The Linder Academy Feedback Method:
- DESCRIPTION — Write down the detailed relevant facts of what happened. It is critical that you avoid judgmental comments. The reason is that even the slightest hint of a judgment may cause the receiver’s brain to get emotionally charged and shut down its logical reasoning ability. Include background facts that might not seem directly relevant because they often turn out to be unexpectedly important pieces of the puzzle. Include descriptions of the feelings of the involved parties because they also tend to be unexpectedly important. Note that specifying that someone thought someone else to be incompetent is not a judgement — its a fact regarding the person’s thoughts.
- CAUSAL ANALYSIS — Derive cause and effect relationships based on the description you generated in step 1. The goal of this step is to provide our brain with input that it can use to upgrade itself to generate a more advanced behavior in a similar situation. The brain is made up of a neural network that basically encodes cause and effect relationships. Considering what ideas caused the feelings that affected the outcome typically generates some of the most important insights. Its is critical that you avoid judgments as in step one.
- PLANNING — Plan what to do next time a similar situation arises. This plan should be strictly based on the previous steps. It may be tempting to include other ideas than those derived from the previous step into the plan, but then you risk entering into a debate that is not based on facts and deliberate causal analysis.
- VISUALIZATION — Visualize acting according to the plan. The purpose of this step is to get the causal analysis and plan into your head. The brain is amazingly adaptive but it requires tremendous effort to upgrade our neural network. By visualizing, we engage the brain to upgrade itself appropriately. In this step it’s time to turn those feelings back on. Emotion is one of the most effective drivers of encoding new connections in our brain.
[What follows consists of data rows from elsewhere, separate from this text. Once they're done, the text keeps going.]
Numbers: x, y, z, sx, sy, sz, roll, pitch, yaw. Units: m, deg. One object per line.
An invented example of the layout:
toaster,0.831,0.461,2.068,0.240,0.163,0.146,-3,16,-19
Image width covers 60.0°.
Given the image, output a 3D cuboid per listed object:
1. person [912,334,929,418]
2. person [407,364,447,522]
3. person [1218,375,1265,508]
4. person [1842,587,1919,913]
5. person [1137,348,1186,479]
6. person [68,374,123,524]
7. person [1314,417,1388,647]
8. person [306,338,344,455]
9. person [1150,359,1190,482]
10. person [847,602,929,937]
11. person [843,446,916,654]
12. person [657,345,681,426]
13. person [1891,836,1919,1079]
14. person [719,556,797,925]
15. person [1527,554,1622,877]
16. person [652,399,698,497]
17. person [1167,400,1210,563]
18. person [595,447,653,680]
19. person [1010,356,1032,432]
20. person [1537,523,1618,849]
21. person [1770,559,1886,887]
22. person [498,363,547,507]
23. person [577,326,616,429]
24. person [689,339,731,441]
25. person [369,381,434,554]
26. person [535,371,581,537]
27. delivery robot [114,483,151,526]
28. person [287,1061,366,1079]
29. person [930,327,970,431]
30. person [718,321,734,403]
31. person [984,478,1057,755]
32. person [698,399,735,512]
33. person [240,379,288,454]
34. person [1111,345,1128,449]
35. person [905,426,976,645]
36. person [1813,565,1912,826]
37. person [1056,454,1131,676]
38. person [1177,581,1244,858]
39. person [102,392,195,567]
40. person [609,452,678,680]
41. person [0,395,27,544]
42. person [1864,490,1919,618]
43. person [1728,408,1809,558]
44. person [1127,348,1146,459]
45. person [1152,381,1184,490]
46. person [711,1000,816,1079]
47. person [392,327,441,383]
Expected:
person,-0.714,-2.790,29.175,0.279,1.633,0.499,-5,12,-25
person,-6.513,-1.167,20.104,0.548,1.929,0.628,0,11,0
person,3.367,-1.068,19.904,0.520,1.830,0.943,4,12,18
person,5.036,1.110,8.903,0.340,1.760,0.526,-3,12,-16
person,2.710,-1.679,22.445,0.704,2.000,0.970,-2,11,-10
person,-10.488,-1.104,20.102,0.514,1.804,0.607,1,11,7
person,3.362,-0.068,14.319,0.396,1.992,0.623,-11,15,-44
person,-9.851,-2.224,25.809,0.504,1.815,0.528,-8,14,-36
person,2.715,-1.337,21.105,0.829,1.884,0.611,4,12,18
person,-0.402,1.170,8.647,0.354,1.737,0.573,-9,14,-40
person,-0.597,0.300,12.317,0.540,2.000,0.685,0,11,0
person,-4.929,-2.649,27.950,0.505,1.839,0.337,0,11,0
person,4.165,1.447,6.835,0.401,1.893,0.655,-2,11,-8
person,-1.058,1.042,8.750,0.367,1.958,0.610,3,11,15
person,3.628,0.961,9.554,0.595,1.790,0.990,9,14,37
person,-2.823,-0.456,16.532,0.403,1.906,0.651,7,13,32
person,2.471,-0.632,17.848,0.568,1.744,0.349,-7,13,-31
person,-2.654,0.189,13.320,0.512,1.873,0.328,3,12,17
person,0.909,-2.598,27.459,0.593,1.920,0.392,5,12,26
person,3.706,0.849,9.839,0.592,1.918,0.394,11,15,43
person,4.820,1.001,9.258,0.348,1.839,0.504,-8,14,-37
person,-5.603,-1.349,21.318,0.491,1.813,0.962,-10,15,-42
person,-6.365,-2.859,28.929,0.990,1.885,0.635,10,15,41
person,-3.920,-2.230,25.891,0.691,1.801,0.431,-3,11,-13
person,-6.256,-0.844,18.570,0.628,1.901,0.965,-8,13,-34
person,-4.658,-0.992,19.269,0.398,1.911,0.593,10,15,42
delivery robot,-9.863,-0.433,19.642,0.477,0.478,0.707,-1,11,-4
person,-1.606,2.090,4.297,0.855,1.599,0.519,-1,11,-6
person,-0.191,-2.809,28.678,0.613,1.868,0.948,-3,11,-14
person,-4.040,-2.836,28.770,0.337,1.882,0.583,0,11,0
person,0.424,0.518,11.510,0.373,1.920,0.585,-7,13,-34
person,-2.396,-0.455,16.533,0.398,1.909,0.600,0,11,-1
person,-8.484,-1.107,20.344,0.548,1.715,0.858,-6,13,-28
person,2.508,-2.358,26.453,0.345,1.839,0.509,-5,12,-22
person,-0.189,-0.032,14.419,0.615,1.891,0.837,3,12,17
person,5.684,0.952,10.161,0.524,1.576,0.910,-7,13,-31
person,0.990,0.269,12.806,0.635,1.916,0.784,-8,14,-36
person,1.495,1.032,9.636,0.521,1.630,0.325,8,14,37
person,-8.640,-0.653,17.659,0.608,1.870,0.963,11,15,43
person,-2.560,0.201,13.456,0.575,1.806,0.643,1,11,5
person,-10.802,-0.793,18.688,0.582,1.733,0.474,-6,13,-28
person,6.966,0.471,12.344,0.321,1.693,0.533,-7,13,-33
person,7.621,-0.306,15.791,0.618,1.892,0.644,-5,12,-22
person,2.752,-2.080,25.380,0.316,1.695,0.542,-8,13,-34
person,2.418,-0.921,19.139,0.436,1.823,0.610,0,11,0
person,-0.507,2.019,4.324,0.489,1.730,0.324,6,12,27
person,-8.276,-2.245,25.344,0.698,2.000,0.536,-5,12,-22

By sticking to the facts, we raise the quality of the discussion, reasoning and learning. By sticking to causal reasoning based on specific facts, we provide the brain what it needs to produce a more advanced response. By visualizing how we will act in the future, we prime the brain to activate our learnings the next time we get into a similar situation. It’s fascinating to watch people that go through this exercise come up with valuable insights by following the process and then suddenly a judgement comes up which causes the intellectual process to break down. Fortunately, it is typically easy to get people back on track since the rules are clear.
Instead of straining the relationship as feedback typically does, going through this process tends to strengthen the relationship. Often people are excited to figure out what actually happened and why. Envisioning what to do next time a similar situation occurs builds trust among the participants.
The Linder Academy programs have produced waves of enthusiasm through the organizations that we work with. And, there are ripple effects, since the mentors that have participated in our programs say that the quality of their mentoring sessions have gone up tremendously after learning our methods.